Suara.com - Revisi Undang-Undang Nomor 15 Tahun 2003 tentang Pemberantasan Tindak Pidana Terorisme, harus bisa menyudahi perkembangan ideologi yang menjadi dasar aksi-aksi teroristik.
Sebab, UU No 15/2003 tentang antiterorisme sementara ini hanya mengatur aparat penegak hukum untuk menindak aksi-aksi teroristik tanpa memunyai sistem pencegahan.
“Saya kira harus menemukan apa pusat dari adanya terorisme, apa yang membuatnya masih ada, nah, itu yang harus dimatikan,” kata Peneliti Kajian Strategis Intelijen dari Universitas Indonesia Ridlwan Habib, dalam diskusi bertajuk 'Membedag Revisi UU Anti Terorisme' di Warung Daun, Cikini, Jakarta Pusat, Sabtu (3/6/2017).
Menurutnya, UU antiterorisme yang ada saat ini tak bisa menyelesaikan akar masalah aksi-aksi teror. Itu dibuktikan dengan banyaknya teroris yang ditangkap setiap tahun, tapi aksi teroristik justru terus menghantui Indonesia.
Baca Juga: Ganja Bangunkan Anak Penderita Epilepsi FIRES dari Koma
“Pelaku teror di Kampung Melayu, misalnya, menjalin kontak juga dengan Aman Abdurrahman di Nusakambangan.
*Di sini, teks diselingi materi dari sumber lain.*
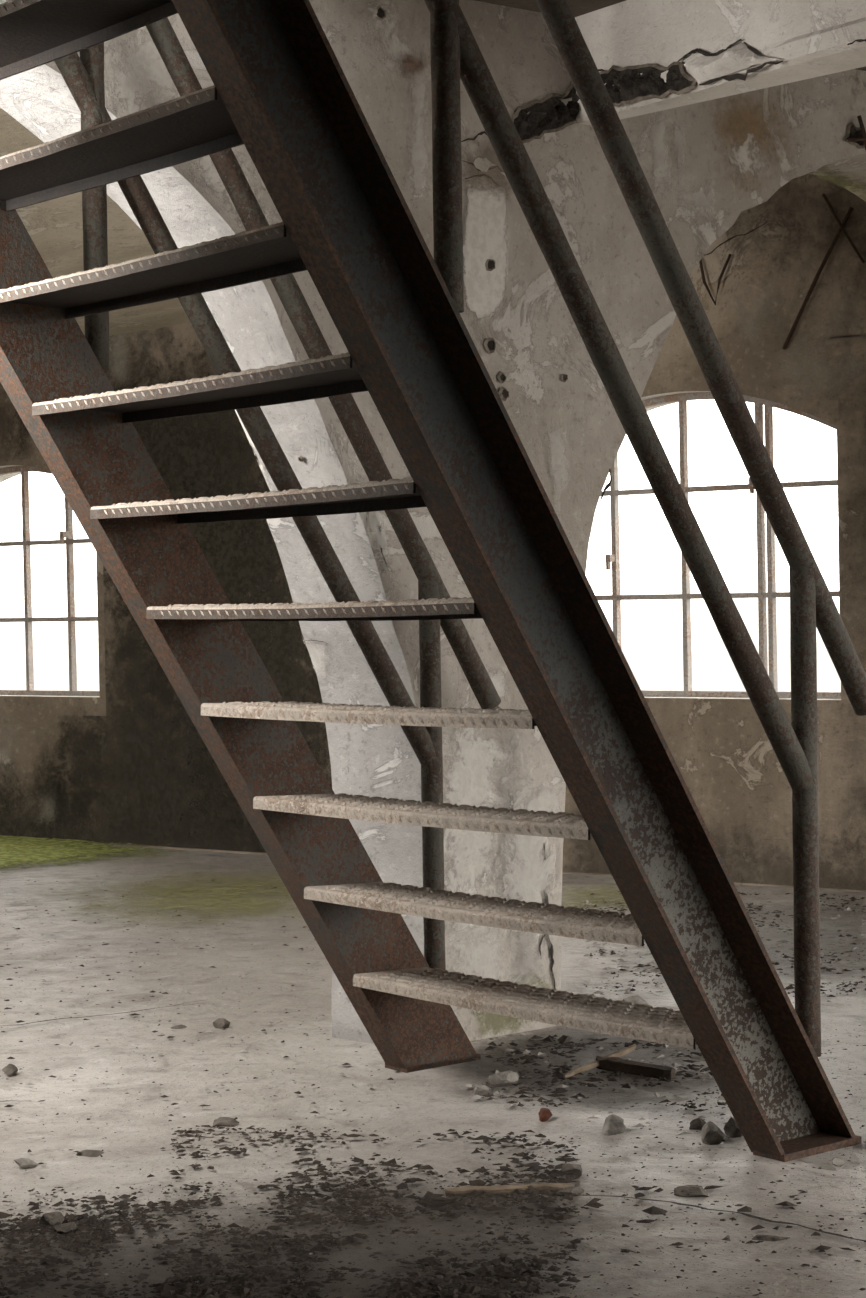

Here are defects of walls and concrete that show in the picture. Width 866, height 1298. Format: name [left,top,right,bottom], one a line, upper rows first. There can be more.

spalling [511,83,580,143]
spalling [599,62,696,107]
flaking render [843,115,866,150]
damp [103,337,211,392]
damp [132,410,270,500]
damp [187,519,293,605]
damp [241,621,323,704]
damp [0,589,266,853]
damp [295,721,332,788]
crack [539,842,556,990]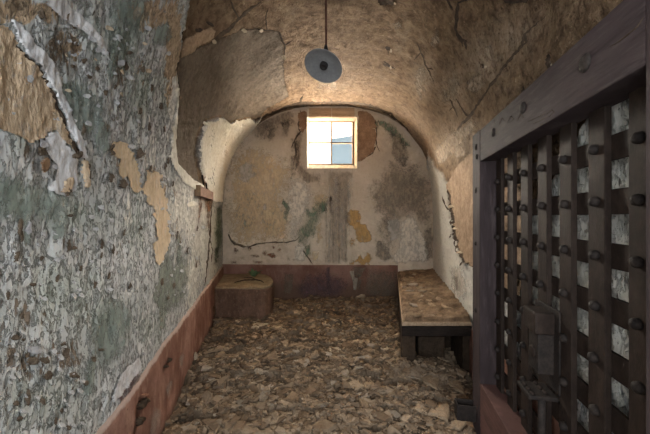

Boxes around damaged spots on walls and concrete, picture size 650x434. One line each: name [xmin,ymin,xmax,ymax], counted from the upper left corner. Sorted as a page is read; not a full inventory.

spalling [0,19,92,197]
peeling [37,0,135,98]
spalling [108,21,289,265]
spalling [357,110,377,162]
crack [446,0,467,50]
crack [436,16,545,160]
peeling [17,219,32,242]
peeling [79,238,115,271]
crack [228,234,312,263]
water stain [347,131,429,296]
crack [442,186,472,267]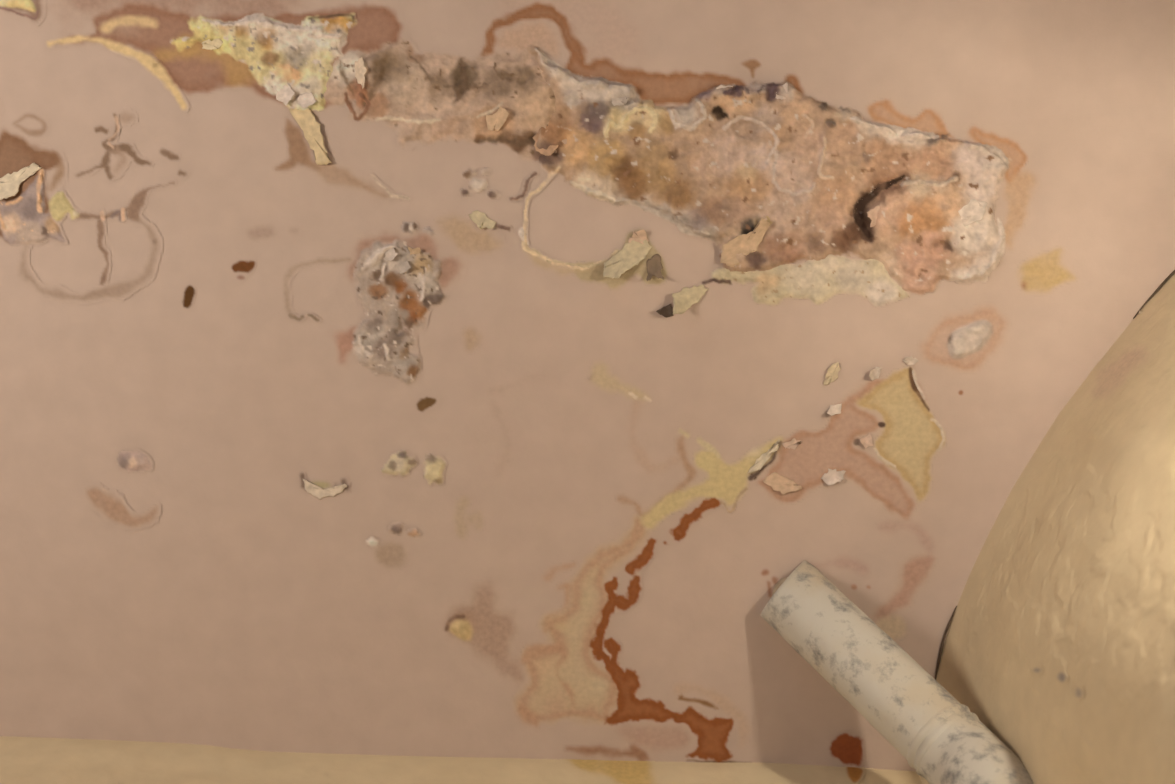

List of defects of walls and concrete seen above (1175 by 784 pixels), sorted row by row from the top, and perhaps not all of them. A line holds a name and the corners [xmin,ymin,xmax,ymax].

spalling [0,0,47,26]
damp [10,111,51,139]
peeling [0,124,82,247]
crack [72,108,190,284]
damp [44,0,408,113]
spalling [169,10,412,203]
damp [480,0,764,105]
spalling [329,42,1013,386]
peeling [749,301,1013,525]
damp [437,358,785,784]
rust [588,496,753,763]
rust [828,731,866,784]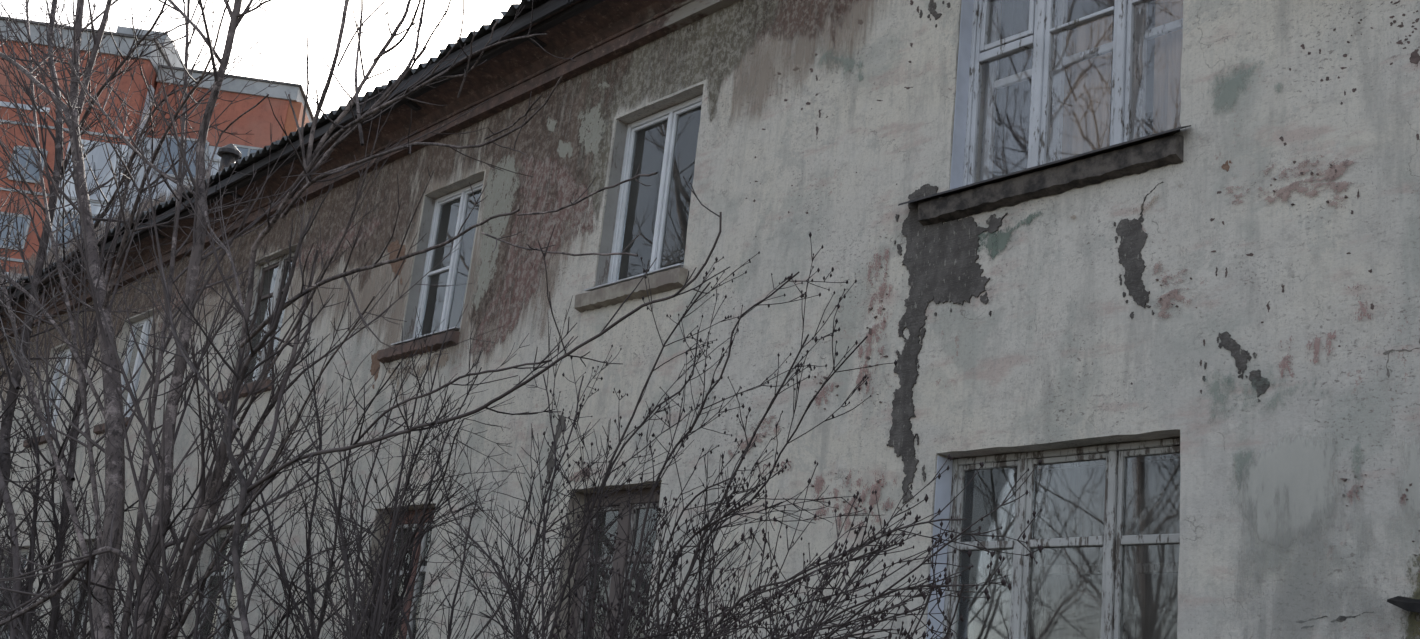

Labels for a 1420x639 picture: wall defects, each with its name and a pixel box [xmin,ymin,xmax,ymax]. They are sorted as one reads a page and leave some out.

spalling [910,0,951,28]
peeling [770,53,828,138]
leakage [0,0,873,399]
spalling [1114,215,1197,319]
spalling [809,184,1008,530]
spalling [1199,330,1340,402]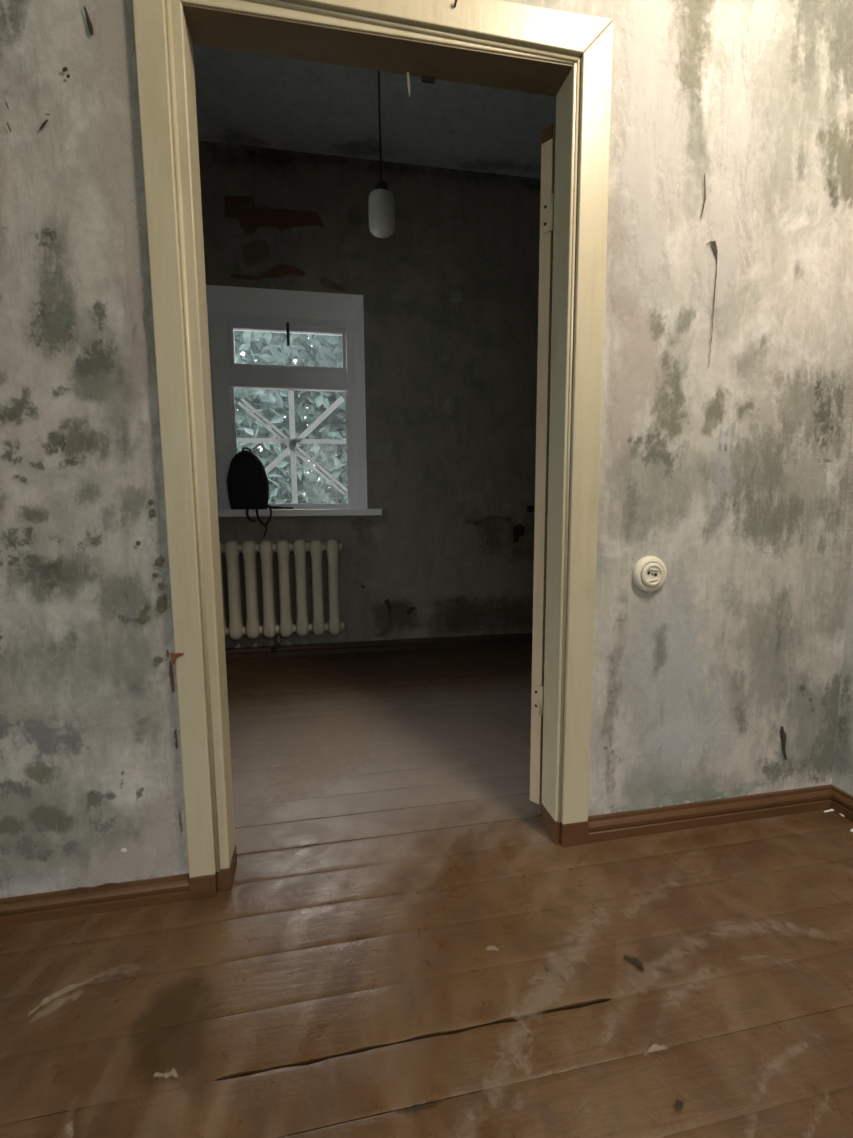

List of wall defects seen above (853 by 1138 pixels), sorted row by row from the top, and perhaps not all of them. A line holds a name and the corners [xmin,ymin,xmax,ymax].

leakage [820,120,853,206]
spalling [224,195,324,236]
leakage [76,302,117,374]
leakage [0,389,37,424]
leakage [1,420,93,483]
leakage [630,354,684,477]
leakage [705,367,773,487]
leakage [814,381,833,461]
leakage [0,508,64,587]
leakage [618,677,849,812]
leakage [0,710,81,862]
leakage [87,771,124,833]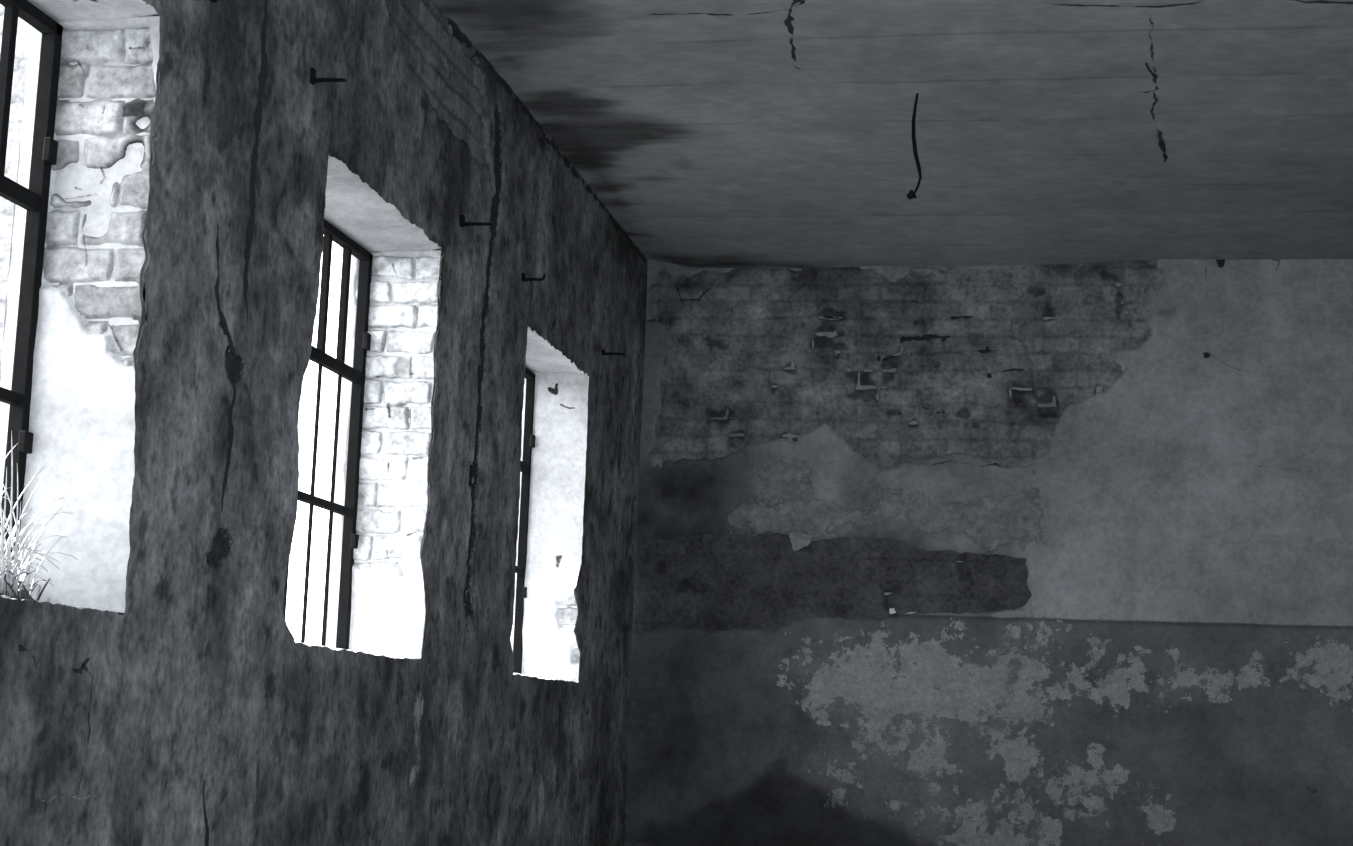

Ini membuktikan ketia di penjara, ideologinya masih ada. Pertanyaannya, apakah pasal-pasal UU itu bisa mematikan apinya? " tuturnya.
Karenanya, Ridlwan menilai tindakan represif kurang tepat untuk memberantas terorisme hingga ke akar-akarnya. Bahkan, upaya tersebut dapat menimbulkan tindakan balas dendam dari teroris lain.
“Penangkapan bukan solusi, kalau represif bisa memicu semangat balas dendam. Kasus di Lampung 2010, Wahono, dia gagal menikah, adiknya menggantikan menikah. (Wahono) dibawa ke Jakarta, diinterogasi, di Lampung, statusnya gagal menikah. Wahono ini viral dan menjadi bahan bakar yang lain untuk menuding polisi, aparat, represif kepada umat Islam,” tutur Ridlwan.